STING OF THE HEAT BUG

by Jack Sheedy

Pub Date: Nov. 10th, 2012
ISBN: 978-1-935991-88-5
Publisher: Signalman Publishing

An elegiac reflection on growing up, deferring dreams, and understanding loss.

“You have to embellish when you tell a story,” Sheedy’s father advises him at the start of this debut memoir. The author’s story begins with vivid anecdotes about coming-of-age in a large, Catholic family in 1950s and ’60s Connecticut. The author had four siblings, but his relationship with his big sister, Peggy is the central one—it’s a tender, symbiotic connection and the lens through which he views his own history. Sheedy offers tightly focused vignettes, and their economy gives them punch and pace even without an overall narrative arc apart from chronology. Burnished memories of buzzing summers spent in swimming holes and strawberry patches set a sentimental tone, contrasted with the anguish of too-soon deaths and strokes of truly bad luck. But the author’s embellishments seem minimal in these stories, as his focus is more on instruction. For example, a deadly flood in 1955—massive enough to unseat the neighbor’s house from its foundation—offers a case study in the value of charity rather than a dramatic set piece. The tale of a father who could never quite get ahead in life isn’t presented as a tragedy but as a quiet example of a kind, flawed man doing his best. In the world of Sheedy’s memory, there’s no large-scale injustice: hardship occurs by chance, and redemption comes with honest striving toward goodness. When the author reaches college, his ambitions come into focus, but, like his father, he rarely gets the breaks he needs. He places gentle blame on himself, telling of how he remained satisfied with entry-level jobs and how he was apt to let romantic entanglements subvert career opportunities.
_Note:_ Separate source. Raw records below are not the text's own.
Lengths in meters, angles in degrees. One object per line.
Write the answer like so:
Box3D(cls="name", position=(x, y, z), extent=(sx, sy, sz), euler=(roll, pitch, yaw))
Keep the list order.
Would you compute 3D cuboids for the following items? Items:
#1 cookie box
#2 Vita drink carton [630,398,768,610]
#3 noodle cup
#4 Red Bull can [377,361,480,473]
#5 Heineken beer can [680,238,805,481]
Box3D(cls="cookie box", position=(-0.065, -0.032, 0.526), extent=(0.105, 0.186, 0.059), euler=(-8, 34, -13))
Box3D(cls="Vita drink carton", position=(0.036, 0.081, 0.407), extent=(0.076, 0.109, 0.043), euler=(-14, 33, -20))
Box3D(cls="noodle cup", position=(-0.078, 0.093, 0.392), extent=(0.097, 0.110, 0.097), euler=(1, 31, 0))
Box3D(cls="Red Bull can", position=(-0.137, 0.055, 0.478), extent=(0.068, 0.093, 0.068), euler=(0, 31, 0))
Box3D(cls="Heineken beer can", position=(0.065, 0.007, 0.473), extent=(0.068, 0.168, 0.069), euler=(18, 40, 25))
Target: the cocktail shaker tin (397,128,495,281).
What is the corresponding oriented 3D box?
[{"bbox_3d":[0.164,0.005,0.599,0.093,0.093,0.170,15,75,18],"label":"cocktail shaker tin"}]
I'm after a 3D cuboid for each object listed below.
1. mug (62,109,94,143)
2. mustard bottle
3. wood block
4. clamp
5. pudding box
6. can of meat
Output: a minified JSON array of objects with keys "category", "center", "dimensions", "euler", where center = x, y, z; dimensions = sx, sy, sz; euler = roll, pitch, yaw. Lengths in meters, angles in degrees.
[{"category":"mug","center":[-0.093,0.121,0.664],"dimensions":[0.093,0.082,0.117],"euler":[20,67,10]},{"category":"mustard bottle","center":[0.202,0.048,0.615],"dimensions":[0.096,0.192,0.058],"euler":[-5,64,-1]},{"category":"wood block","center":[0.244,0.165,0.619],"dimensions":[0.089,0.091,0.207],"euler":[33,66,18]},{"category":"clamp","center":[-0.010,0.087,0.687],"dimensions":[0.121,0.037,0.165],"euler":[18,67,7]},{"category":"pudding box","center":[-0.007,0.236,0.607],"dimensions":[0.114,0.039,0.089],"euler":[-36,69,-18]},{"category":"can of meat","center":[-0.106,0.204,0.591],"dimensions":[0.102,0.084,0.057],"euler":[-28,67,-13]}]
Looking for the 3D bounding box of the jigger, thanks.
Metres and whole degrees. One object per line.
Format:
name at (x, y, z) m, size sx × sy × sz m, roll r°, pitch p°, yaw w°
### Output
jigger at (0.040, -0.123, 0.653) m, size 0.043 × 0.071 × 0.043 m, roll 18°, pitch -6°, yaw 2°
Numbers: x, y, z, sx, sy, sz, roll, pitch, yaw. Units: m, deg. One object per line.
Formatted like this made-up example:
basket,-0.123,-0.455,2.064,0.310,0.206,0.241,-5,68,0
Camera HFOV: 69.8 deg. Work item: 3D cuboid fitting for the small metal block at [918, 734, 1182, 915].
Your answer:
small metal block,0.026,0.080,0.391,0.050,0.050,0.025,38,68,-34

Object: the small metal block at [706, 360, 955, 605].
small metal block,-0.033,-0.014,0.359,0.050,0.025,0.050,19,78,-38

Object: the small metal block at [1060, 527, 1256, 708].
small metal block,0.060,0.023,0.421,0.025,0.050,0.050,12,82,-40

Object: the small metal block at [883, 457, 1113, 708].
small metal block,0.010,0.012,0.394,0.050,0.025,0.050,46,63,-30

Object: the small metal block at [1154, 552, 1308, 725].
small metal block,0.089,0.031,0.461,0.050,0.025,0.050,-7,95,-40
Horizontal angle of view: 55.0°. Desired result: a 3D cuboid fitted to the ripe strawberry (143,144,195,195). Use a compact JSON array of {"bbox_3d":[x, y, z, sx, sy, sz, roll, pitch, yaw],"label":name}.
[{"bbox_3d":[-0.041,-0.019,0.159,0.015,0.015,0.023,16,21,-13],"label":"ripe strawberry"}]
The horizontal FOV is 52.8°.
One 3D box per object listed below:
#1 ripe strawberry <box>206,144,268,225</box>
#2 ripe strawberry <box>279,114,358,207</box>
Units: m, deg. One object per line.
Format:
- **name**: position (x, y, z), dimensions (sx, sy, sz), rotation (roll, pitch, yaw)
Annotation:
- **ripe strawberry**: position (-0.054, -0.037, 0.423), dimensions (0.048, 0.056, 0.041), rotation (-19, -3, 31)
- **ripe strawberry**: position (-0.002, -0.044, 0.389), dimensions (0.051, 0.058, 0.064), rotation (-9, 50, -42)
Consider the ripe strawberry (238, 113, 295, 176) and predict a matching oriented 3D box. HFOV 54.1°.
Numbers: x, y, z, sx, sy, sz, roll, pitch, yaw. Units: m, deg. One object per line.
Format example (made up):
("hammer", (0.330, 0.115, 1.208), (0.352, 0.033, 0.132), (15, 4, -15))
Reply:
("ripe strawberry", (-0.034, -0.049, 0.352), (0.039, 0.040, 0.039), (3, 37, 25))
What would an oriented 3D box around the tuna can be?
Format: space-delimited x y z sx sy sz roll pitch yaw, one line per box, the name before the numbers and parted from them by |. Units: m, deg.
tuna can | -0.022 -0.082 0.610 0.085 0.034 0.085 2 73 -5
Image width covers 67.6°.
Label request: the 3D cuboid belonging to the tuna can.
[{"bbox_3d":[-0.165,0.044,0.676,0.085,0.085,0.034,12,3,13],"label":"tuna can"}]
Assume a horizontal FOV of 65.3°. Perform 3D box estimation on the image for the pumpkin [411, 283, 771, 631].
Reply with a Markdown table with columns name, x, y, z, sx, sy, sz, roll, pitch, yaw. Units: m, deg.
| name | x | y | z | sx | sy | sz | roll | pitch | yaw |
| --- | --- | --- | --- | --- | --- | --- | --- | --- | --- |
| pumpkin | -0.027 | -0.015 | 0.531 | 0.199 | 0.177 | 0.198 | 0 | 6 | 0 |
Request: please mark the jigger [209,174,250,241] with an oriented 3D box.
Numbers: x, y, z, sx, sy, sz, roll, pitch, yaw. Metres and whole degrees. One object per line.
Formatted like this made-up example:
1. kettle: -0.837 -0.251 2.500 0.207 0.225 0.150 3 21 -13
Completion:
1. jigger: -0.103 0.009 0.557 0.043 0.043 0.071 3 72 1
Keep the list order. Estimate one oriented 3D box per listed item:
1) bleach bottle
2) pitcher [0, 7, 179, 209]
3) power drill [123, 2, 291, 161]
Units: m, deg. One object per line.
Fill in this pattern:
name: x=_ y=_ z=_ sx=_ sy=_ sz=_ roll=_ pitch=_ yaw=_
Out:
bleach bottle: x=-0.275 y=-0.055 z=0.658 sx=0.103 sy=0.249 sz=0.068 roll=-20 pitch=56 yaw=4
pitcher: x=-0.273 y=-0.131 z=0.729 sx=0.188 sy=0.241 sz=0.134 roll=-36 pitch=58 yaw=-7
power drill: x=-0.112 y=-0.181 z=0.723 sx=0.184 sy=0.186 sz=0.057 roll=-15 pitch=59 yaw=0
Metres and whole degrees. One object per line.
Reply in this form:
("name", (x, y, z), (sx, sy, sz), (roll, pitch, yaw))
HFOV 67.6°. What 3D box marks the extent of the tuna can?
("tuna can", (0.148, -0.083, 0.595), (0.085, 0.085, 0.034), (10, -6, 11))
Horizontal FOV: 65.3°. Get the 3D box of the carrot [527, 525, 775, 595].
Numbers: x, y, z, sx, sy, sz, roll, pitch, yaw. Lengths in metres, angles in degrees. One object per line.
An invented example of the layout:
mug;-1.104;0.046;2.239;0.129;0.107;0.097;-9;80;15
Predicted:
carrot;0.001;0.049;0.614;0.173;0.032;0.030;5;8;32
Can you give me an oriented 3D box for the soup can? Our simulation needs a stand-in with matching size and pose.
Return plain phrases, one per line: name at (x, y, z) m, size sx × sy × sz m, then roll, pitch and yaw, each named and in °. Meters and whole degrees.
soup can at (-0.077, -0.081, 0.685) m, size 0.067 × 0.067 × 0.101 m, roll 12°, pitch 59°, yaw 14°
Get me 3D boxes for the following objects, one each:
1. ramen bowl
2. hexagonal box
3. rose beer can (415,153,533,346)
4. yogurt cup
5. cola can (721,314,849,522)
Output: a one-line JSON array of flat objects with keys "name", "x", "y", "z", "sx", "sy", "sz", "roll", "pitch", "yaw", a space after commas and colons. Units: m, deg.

But he also maintains a mature, sanguine perspective throughout this memoir, suggesting that he wouldn’t have had it any other way. At the end, the premature illness and decline of his sister Peggy, as they both approach middle-age, compels him to prepare for his greatest loss: “The stories of our lives are loosely plotted,” he writes her in a letter. “What if I could choose my endings?”

A carefully constructed remembrance that offers poignancy without sacrificing sincerity.